Hi everyone! In this notebook we will learn how to train a model with eager mode of Tensorflow 2.0. For teaching objectives, we just focus on implementing the training phase with eager mode. A more comprehensive training procedure is given in KerasTraining.ipynb.

In [None]:
import tensorflow as tf
import numpy as np
from tensorflow import keras
from tensorflow.keras import layers
import utils
import matplotlib.pyplot as plt
print(tf.__version__)

In [None]:
class_names = ['0', '1', '2', '3', '4', '5', '6', '7', '8', '9']

Preparing Data

In [None]:
(x_train, y_train), (x_test, y_test) = keras.datasets.mnist.load_data()
x_train = x_train.astype('float32').reshape((-1,28,28,1))
x_test = x_test.astype('float32').reshape((-1,28,28,1))
x_train /= 255.0
x_test /= 255.0
trainDataset = tf.data.Dataset.from_tensor_slices((x_train, y_train))

Preparing a simple Model.

In [None]:
cnnModel = keras.Sequential()
cnnModel.add(layers.Conv2D(input_shape=[28,28,1],filters = 32, kernel_size = 3, strides = 1,
                       activation = 'relu'))
cnnModel.add(layers.Conv2D(filters = 32, kernel_size = 3, strides = 1,
                       activation = 'relu'))
cnnModel.add(layers.MaxPool2D(pool_size = 2, strides = 2))
cnnModel.add(layers.Conv2D(filters = 64, kernel_size = 3, strides = 1,
                       activation = 'relu'))
cnnModel.add(layers.Conv2D(filters = 64, kernel_size = 3, strides = 1,
                       activation = 'relu'))
cnnModel.add(layers.MaxPool2D(pool_size = 2, strides = 2))
cnnModel.add(layers.Flatten())
cnnModel.add(layers.Dense(units = 512, activation = 'relu'))
cnnModel.add(layers.Dense(units = 10, activation = 'softmax'))
cnnModel.summary()

Necessary components in training procedure: <b>Optimizer</b>, <b>loss</b> and <b>metrics</b>.

In [None]:
optimizer = tf.keras.optimizers.RMSprop()

compute_loss = tf.keras.losses.SparseCategoricalCrossentropy()

compute_accuracy = tf.keras.metrics.SparseCategoricalAccuracy()

Automatic differentiation is useful for implementing machine learning algorithms such as backpropagation for training neural networks.
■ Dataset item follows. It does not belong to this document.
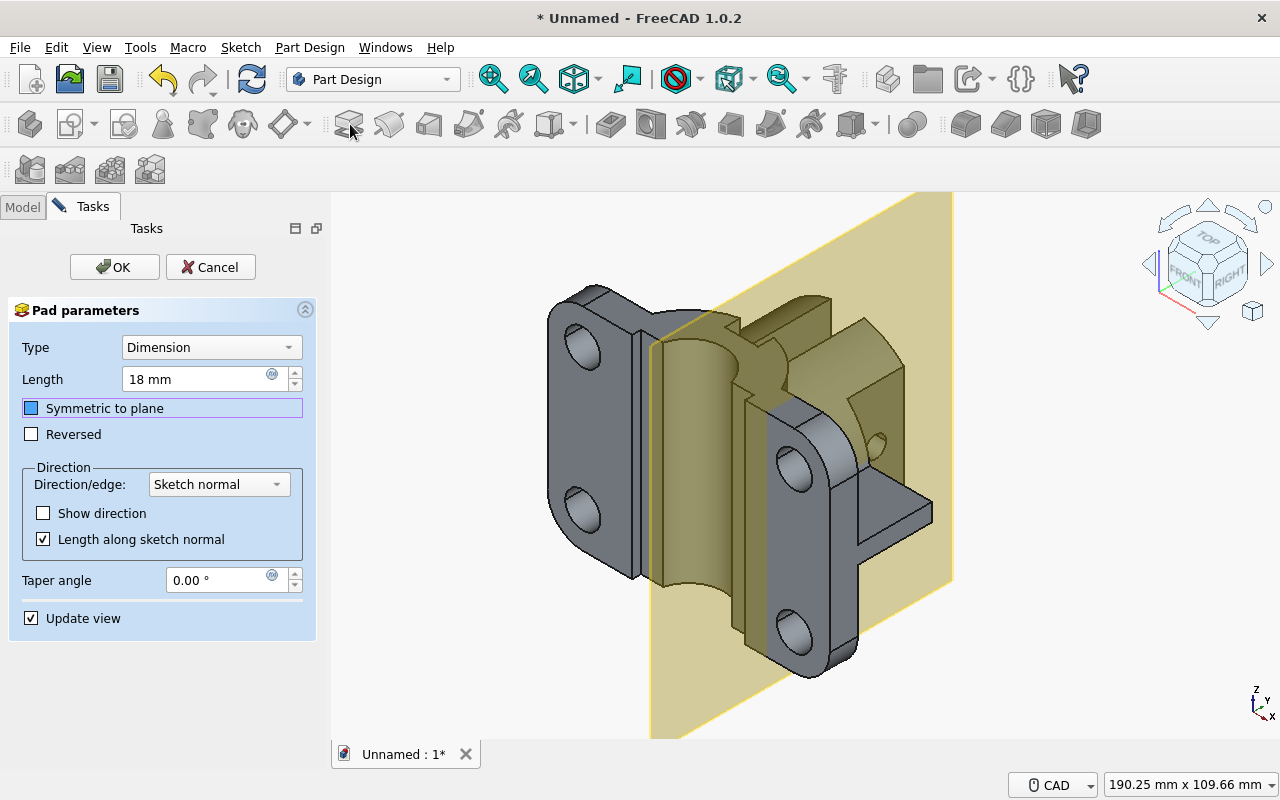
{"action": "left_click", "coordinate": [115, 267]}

During eager execution, use tf.GradientTape to trace operations for computing gradients later.

All forward-pass operations get recorded to a "tape". To compute the gradient, play the tape backwards and then discard. So a particular tf.GradientTape can only compute gradient once; subsequent calls throw a runtime error.

In [None]:
def train_one_step(model, optimizer, x, y):
    with tf.GradientTape() as tape:
        logits = model(x)
        loss = compute_loss(y, logits)

    grads = tape.gradient(loss, model.trainable_variables)
    optimizer.apply_gradients(zip(grads, model.trainable_variables))
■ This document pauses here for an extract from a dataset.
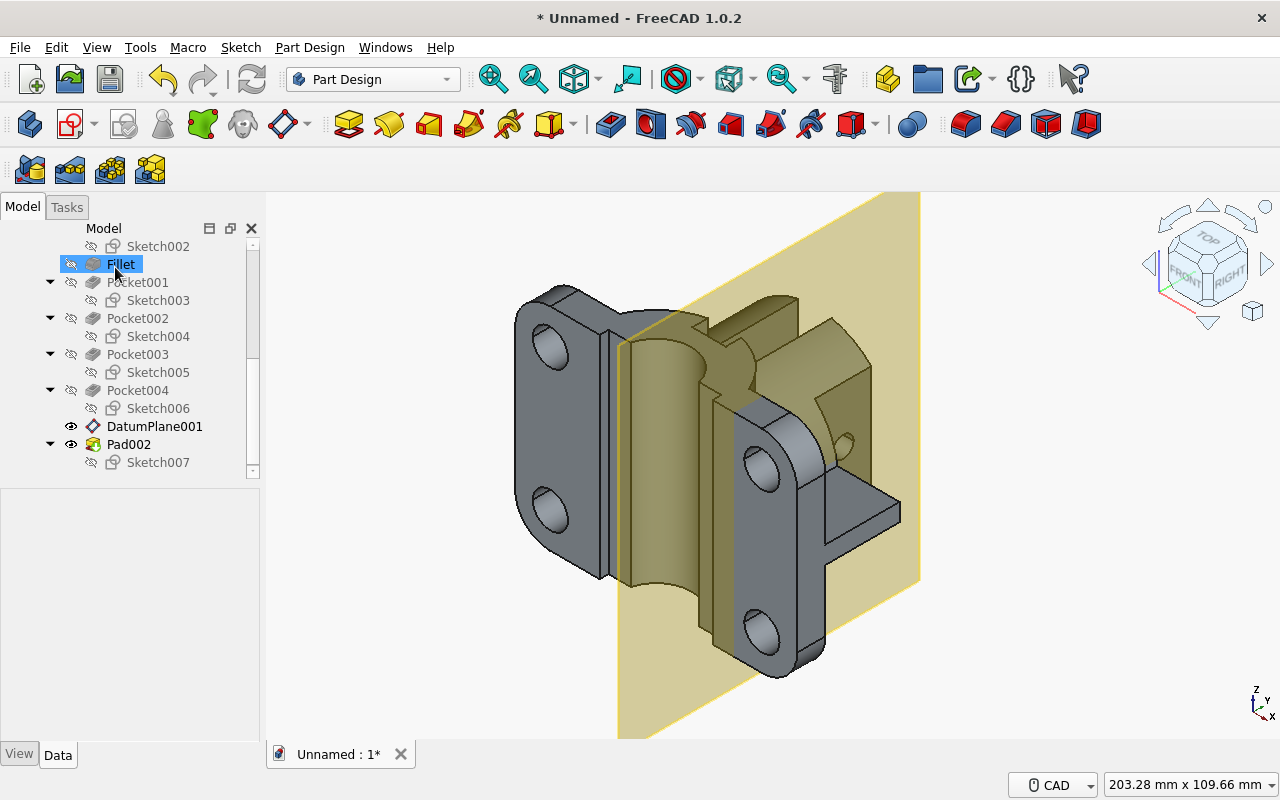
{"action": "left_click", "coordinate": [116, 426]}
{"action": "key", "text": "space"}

    compute_accuracy(y, logits)
    return loss

tf.function annotation will construct a graph by packing operations in the function, which may reduce the running time. However, more time is needed for initializing the graph.

In [None]:
subTrainDataset = trainDataset.batch(64).take(1000)

In [None]:
@tf.function
def train(model, optimizer, trainDataset):
    step =  0
    for x,y in subTrainDataset:
        step += 1
        loss = train_one_step(model, optimizer, x, y)
        if tf.equal(step % 50, 0):
            tf.print("loss: ", loss, " accuracy :", compute_accuracy.result())

In [None]:
train(cnnModel, optimizer, trainDataset)